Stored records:
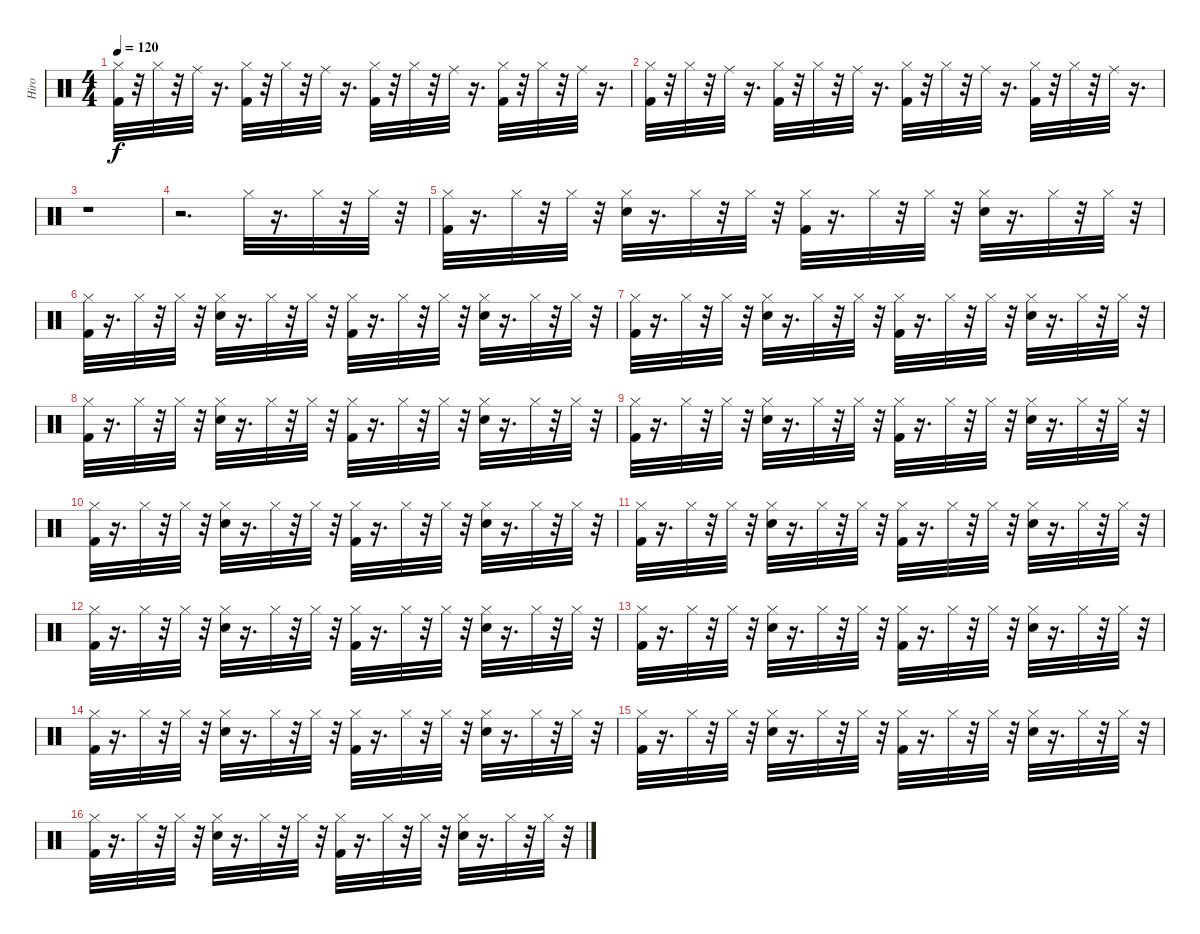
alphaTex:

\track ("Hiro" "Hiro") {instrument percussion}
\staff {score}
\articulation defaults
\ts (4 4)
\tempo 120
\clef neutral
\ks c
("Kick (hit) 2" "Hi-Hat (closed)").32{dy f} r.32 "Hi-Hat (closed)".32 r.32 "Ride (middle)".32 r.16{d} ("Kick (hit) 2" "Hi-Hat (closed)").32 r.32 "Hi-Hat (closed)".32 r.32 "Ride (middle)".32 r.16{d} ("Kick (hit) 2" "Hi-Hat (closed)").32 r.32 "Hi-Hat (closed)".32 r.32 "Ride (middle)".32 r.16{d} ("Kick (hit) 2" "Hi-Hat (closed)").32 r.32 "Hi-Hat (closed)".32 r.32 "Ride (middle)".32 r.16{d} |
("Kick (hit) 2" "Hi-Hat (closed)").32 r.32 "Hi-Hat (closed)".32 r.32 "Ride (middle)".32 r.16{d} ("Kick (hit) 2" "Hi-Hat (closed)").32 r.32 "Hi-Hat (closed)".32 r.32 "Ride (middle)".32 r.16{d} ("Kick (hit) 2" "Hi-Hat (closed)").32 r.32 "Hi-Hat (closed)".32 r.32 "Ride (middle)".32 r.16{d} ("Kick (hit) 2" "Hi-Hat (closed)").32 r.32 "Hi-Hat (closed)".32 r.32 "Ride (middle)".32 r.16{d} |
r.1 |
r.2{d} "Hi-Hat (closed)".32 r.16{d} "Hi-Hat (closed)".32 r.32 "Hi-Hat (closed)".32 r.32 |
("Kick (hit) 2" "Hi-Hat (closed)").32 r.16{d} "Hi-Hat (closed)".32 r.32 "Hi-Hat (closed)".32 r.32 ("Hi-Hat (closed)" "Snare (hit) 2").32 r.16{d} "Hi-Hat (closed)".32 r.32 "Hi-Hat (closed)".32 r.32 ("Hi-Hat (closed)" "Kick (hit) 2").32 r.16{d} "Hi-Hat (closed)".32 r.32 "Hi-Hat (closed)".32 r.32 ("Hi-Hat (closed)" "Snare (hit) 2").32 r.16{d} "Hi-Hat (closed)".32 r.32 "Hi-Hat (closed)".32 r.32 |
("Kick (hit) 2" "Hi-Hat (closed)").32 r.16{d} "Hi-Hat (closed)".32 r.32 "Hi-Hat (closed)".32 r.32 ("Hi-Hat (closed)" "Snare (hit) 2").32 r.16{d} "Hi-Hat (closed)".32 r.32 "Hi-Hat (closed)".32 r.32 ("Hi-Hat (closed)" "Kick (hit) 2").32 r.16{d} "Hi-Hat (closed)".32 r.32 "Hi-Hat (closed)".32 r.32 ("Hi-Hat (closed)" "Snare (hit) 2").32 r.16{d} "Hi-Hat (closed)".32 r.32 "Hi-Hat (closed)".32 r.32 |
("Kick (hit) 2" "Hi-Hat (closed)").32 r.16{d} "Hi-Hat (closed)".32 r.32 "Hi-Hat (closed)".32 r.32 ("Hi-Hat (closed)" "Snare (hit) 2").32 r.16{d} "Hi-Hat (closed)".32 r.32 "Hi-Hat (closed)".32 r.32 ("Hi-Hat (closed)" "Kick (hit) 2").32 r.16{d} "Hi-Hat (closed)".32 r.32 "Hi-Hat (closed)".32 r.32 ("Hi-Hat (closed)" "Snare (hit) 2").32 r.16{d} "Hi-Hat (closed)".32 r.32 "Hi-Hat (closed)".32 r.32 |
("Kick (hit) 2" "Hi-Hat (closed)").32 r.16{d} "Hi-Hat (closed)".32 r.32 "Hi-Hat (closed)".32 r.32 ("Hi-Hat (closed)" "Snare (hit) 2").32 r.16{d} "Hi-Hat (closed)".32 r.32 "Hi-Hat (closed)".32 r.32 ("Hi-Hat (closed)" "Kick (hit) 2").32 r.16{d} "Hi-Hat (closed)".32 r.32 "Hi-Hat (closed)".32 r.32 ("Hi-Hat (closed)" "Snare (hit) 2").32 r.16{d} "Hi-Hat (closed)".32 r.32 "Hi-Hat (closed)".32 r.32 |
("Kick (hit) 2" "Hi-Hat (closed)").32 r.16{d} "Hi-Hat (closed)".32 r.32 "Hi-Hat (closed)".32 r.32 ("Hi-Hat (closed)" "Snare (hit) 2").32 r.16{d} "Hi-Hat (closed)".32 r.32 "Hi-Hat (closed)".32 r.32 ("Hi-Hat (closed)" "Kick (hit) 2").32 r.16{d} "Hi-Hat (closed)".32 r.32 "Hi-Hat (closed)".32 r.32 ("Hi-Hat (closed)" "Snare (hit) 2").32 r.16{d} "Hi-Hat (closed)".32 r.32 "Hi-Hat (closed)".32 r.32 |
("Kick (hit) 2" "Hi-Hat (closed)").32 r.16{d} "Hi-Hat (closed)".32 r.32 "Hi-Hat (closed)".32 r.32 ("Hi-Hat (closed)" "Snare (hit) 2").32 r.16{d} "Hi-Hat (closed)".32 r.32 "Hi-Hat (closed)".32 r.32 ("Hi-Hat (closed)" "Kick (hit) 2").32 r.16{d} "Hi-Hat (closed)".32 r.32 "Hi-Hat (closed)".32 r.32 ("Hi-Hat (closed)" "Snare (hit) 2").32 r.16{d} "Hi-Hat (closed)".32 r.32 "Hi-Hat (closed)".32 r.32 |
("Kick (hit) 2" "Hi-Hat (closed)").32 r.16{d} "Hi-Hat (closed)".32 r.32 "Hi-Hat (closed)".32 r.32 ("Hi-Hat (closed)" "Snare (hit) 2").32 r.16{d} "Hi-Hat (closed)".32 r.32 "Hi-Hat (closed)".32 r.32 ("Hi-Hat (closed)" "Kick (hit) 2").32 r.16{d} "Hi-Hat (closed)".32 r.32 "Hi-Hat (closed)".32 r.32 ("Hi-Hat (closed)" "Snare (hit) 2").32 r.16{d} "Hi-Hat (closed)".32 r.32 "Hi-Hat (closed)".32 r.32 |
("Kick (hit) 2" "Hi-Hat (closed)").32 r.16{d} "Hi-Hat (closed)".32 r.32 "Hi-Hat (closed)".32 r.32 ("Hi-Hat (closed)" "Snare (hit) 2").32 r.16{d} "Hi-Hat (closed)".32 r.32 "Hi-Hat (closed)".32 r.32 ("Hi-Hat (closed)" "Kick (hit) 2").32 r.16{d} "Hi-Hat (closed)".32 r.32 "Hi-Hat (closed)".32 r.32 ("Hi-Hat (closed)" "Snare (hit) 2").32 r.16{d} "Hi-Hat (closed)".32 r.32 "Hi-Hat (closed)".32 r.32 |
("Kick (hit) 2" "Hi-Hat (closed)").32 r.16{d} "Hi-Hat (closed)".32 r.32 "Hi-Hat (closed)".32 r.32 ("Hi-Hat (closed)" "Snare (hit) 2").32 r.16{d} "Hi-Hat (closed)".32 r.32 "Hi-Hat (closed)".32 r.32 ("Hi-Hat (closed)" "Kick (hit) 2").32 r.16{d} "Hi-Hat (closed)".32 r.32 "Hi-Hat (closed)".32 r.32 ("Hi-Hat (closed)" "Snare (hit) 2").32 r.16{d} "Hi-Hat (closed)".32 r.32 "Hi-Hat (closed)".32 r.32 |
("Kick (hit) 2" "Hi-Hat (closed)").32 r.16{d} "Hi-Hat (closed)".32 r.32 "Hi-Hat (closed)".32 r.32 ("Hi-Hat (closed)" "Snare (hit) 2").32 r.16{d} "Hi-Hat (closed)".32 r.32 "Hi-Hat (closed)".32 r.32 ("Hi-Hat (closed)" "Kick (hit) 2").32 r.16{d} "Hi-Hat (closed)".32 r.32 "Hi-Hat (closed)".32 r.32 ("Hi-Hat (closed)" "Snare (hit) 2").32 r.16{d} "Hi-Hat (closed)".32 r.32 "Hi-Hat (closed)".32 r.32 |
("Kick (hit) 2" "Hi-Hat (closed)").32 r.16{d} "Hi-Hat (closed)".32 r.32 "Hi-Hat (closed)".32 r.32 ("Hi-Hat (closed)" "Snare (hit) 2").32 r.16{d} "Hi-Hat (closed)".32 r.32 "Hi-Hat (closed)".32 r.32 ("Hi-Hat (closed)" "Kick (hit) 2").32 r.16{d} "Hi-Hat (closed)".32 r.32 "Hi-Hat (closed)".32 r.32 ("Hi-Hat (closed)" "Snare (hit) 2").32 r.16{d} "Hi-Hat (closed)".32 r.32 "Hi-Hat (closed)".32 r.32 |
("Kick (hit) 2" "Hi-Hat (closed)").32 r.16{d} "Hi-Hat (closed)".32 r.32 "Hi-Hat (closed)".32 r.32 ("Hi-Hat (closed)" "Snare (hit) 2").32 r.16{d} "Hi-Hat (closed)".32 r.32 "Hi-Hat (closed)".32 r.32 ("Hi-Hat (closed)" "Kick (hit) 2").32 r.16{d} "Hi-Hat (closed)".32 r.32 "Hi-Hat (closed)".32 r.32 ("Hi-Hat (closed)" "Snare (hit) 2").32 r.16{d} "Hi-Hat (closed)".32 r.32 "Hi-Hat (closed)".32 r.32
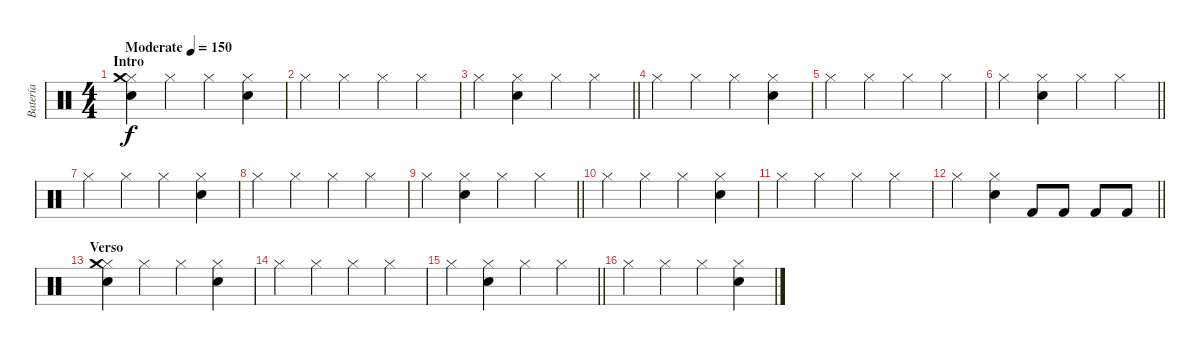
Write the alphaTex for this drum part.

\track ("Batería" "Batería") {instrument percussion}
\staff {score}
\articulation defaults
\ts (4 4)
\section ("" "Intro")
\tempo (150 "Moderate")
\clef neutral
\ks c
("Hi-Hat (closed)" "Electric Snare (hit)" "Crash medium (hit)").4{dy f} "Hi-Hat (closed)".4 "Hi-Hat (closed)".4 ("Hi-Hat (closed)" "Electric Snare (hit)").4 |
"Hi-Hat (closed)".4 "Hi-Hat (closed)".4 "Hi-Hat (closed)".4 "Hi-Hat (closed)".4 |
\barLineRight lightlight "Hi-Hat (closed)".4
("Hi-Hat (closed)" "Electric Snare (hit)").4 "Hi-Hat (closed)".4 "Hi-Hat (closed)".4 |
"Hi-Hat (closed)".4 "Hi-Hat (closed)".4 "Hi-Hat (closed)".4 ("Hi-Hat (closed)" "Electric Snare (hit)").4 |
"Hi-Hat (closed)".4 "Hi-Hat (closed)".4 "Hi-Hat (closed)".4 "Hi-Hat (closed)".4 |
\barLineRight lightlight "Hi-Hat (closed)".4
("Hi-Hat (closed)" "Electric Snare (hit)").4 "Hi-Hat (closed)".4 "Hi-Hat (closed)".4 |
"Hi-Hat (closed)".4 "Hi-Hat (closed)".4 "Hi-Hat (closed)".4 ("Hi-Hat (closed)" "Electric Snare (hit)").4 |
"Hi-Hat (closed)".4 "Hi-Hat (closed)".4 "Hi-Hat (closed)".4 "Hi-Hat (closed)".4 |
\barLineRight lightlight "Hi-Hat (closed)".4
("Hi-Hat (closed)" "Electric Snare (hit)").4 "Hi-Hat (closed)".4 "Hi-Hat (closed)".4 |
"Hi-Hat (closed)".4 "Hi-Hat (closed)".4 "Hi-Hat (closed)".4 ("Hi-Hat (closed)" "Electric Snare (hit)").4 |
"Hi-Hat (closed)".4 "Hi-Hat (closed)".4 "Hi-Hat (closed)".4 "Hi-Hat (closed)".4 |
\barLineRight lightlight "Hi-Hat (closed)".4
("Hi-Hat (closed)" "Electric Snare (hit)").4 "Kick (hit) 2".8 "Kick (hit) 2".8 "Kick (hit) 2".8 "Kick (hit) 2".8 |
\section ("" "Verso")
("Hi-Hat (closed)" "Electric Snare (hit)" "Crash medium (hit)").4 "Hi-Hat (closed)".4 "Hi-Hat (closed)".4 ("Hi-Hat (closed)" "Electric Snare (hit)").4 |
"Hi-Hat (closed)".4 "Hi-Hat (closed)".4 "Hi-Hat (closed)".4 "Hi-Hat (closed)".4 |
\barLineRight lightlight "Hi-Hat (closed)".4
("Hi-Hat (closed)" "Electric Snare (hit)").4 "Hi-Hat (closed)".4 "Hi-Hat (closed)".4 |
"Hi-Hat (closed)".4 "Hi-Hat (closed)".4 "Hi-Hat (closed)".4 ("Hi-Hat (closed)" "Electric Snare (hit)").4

Aim of the task:
Copy out all lines above that include the string "instrument".

Reply:
\track ("Hiro" "Hiro") {instrument percussion}
\track ("Batería" "Batería") {instrument percussion}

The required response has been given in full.